Segment Start: Record extracts

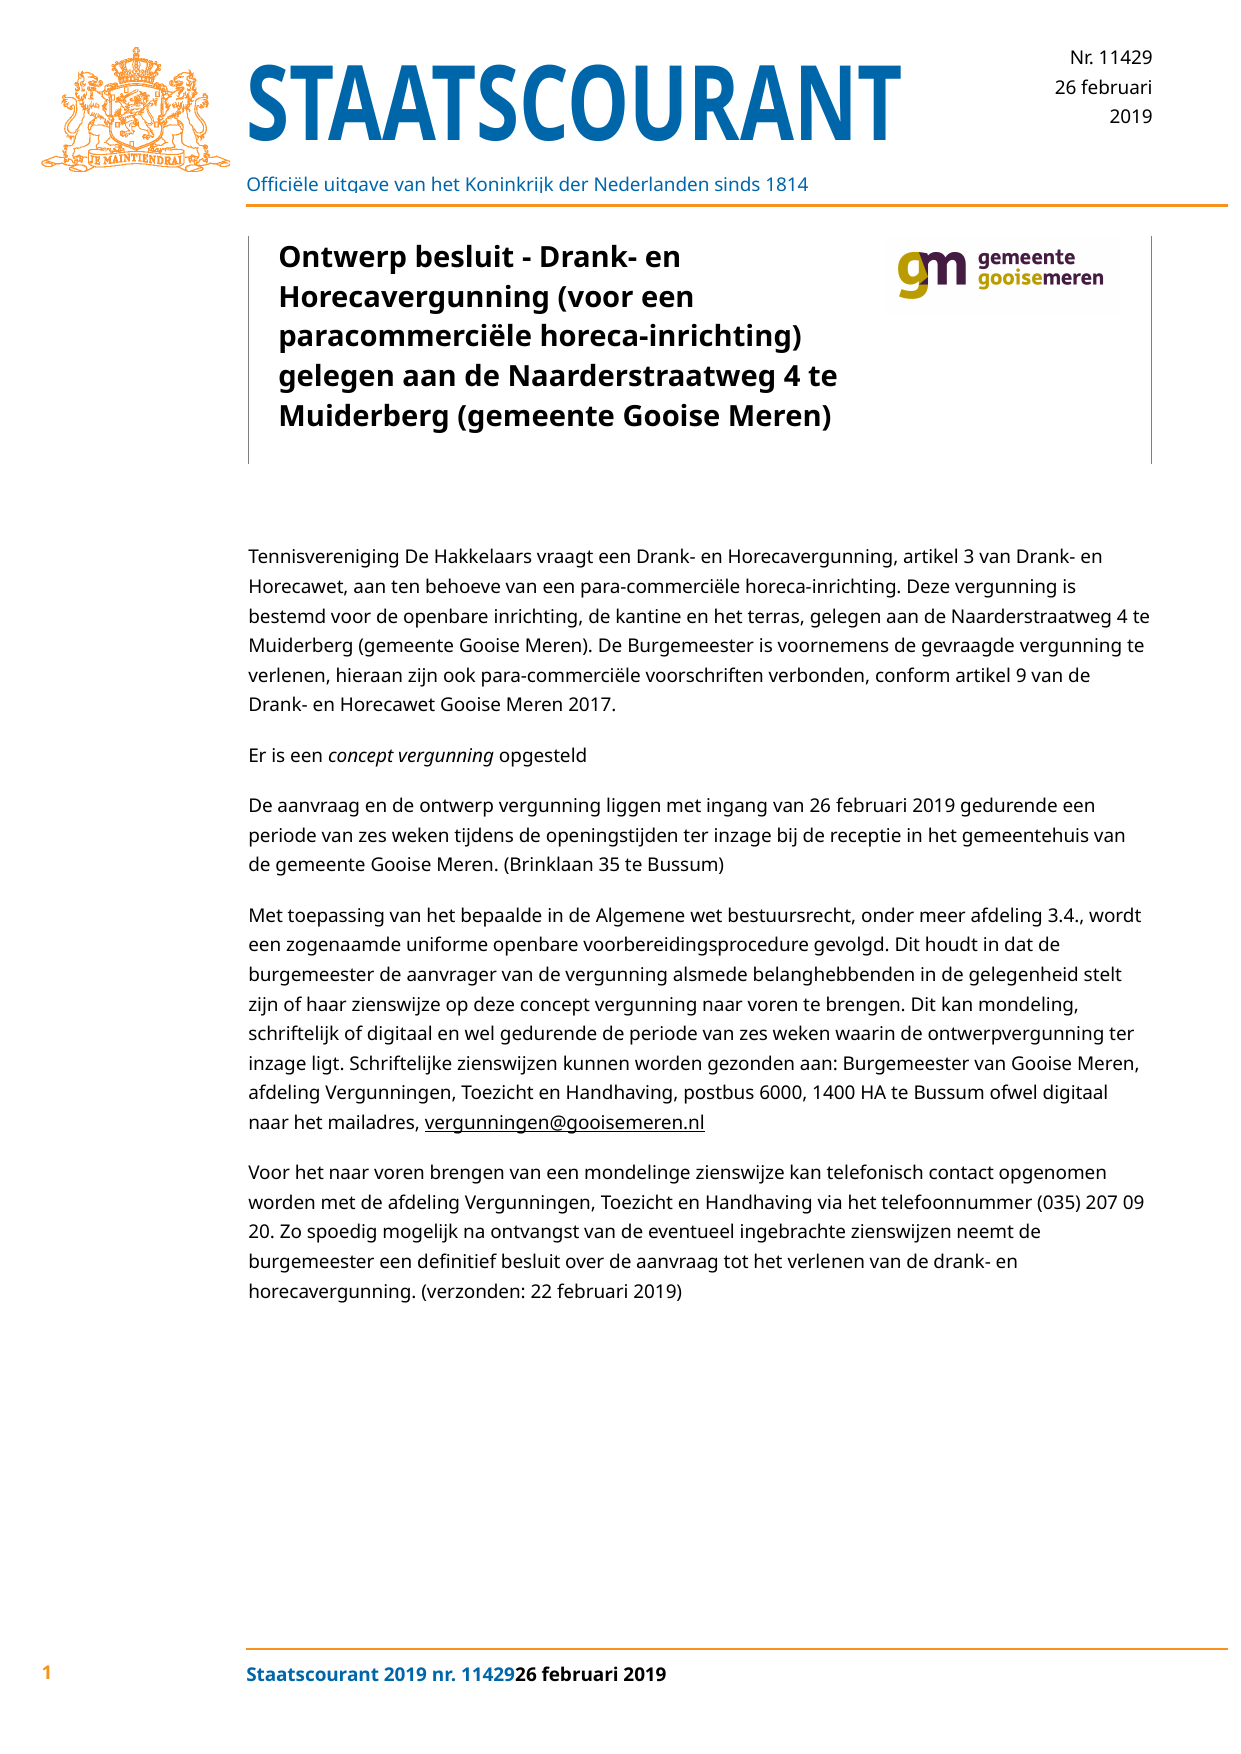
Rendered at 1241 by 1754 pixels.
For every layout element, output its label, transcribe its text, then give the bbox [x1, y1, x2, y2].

text De aanvraag en de ontwerp vergunning liggen met ingang van 26 februari 2019 gedurende een periode van zes weken tijdens de openingstijden ter inzage bij de receptie in het gemeentehuis van de gemeente Gooise Meren. (Brinklaan 35 te Bussum) [248, 792, 1152, 877]
table_header [850, 236, 1151, 464]
text Met toepassing van het bepaalde in de Algemene wet bestuursrecht, onder meer afdeling 3.4., wordt een zogenaamde uniforme openbare voorbereidingsprocedure gevolgd. Dit houdt in dat de burgemeester de aanvrager van de vergunning alsmede belanghebbenden in de gelegenheid stelt zijn of haar zienswijze op deze concept vergunning naar voren te brengen. Dit kan mondeling, schriftelijk of digitaal en wel gedurende de periode van zes weken waarin de ontwerpvergunning ter inzage ligt. Schriftelijke zienswijzen kunnen worden gezonden aan: Burgemeester van Gooise Meren, afdeling Vergunningen, Toezicht en Handhaving, postbus 6000, 1400 HA te Bussum ofwel digitaal naar het mailadres, vergunningen@gooisemeren.nl [248, 902, 1152, 1135]
table_header Ontwerp besluit - Drank- en Horecavergunning (voor een paracommerciële horeca-inrichting) gelegen aan de Naarderstraatweg 4 te Muiderberg (gemeente Gooise Meren) [249, 236, 850, 464]
picture [882, 236, 1119, 315]
text Tennisvereniging De Hakkelaars vraagt een Drank- en Horecavergunning, artikel 3 van Drank- en Horecawet, aan ten behoeve van een para-commerciële horeca-inrichting. Deze vergunning is bestemd voor de openbare inrichting, de kantine en het terras, gelegen aan de Naarderstraatweg 4 te Muiderberg (gemeente Gooise Meren). De Burgemeester is voornemens de gevraagde vergunning te verlenen, hieraan zijn ook para-commerciële voorschriften verbonden, conform artikel 9 van de Drank- en Horecawet Gooise Meren 2017. [248, 544, 1152, 717]
text Voor het naar voren brengen van een mondelinge zienswijze kan telefonisch contact opgenomen worden met de afdeling Vergunningen, Toezicht en Handhaving via het telefoonnummer (035) 207 09 20. Zo spoedig mogelijk na ontvangst van de eventueel ingebrachte zienswijzen neemt de burgemeester een definitief besluit over de aanvraag tot het verlenen van de drank- en horecavergunning. (verzonden: 22 februari 2019) [248, 1159, 1152, 1304]
picture [41, 47, 231, 172]
text Er is een concept vergunning opgesteld [248, 742, 1152, 768]

Segment End: Record extracts

* **Exercise prompt**
For this exercise, transcribe the data above line by line, exactly, with pictures omitted.

* **Your response**
Rendered at 1241 by 1754 pixels.
For every layout element, output its label, transcribe its text, then give the bbox [x1, y1, x2, y2].

text De aanvraag en de ontwerp vergunning liggen met ingang van 26 februari 2019 gedurende een periode van zes weken tijdens de openingstijden ter inzage bij de receptie in het gemeentehuis van de gemeente Gooise Meren. (Brinklaan 35 te Bussum) [248, 792, 1152, 877]
table_header [850, 236, 1151, 464]
text Met toepassing van het bepaalde in de Algemene wet bestuursrecht, onder meer afdeling 3.4., wordt een zogenaamde uniforme openbare voorbereidingsprocedure gevolgd. Dit houdt in dat de burgemeester de aanvrager van de vergunning alsmede belanghebbenden in de gelegenheid stelt zijn of haar zienswijze op deze concept vergunning naar voren te brengen. Dit kan mondeling, schriftelijk of digitaal en wel gedurende de periode van zes weken waarin de ontwerpvergunning ter inzage ligt. Schriftelijke zienswijzen kunnen worden gezonden aan: Burgemeester van Gooise Meren, afdeling Vergunningen, Toezicht en Handhaving, postbus 6000, 1400 HA te Bussum ofwel digitaal naar het mailadres, vergunningen@gooisemeren.nl [248, 902, 1152, 1135]
table_header Ontwerp besluit - Drank- en Horecavergunning (voor een paracommerciële horeca-inrichting) gelegen aan de Naarderstraatweg 4 te Muiderberg (gemeente Gooise Meren) [249, 236, 850, 464]
picture [882, 236, 1119, 315]
text Tennisvereniging De Hakkelaars vraagt een Drank- en Horecavergunning, artikel 3 van Drank- en Horecawet, aan ten behoeve van een para-commerciële horeca-inrichting. Deze vergunning is bestemd voor de openbare inrichting, de kantine en het terras, gelegen aan de Naarderstraatweg 4 te Muiderberg (gemeente Gooise Meren). De Burgemeester is voornemens de gevraagde vergunning te verlenen, hieraan zijn ook para-commerciële voorschriften verbonden, conform artikel 9 van de Drank- en Horecawet Gooise Meren 2017. [248, 544, 1152, 717]
text Voor het naar voren brengen van een mondelinge zienswijze kan telefonisch contact opgenomen worden met de afdeling Vergunningen, Toezicht en Handhaving via het telefoonnummer (035) 207 09 20. Zo spoedig mogelijk na ontvangst van de eventueel ingebrachte zienswijzen neemt de burgemeester een definitief besluit over de aanvraag tot het verlenen van de drank- en horecavergunning. (verzonden: 22 februari 2019) [248, 1159, 1152, 1304]
picture [41, 47, 231, 172]
text Er is een concept vergunning opgesteld [248, 742, 1152, 768]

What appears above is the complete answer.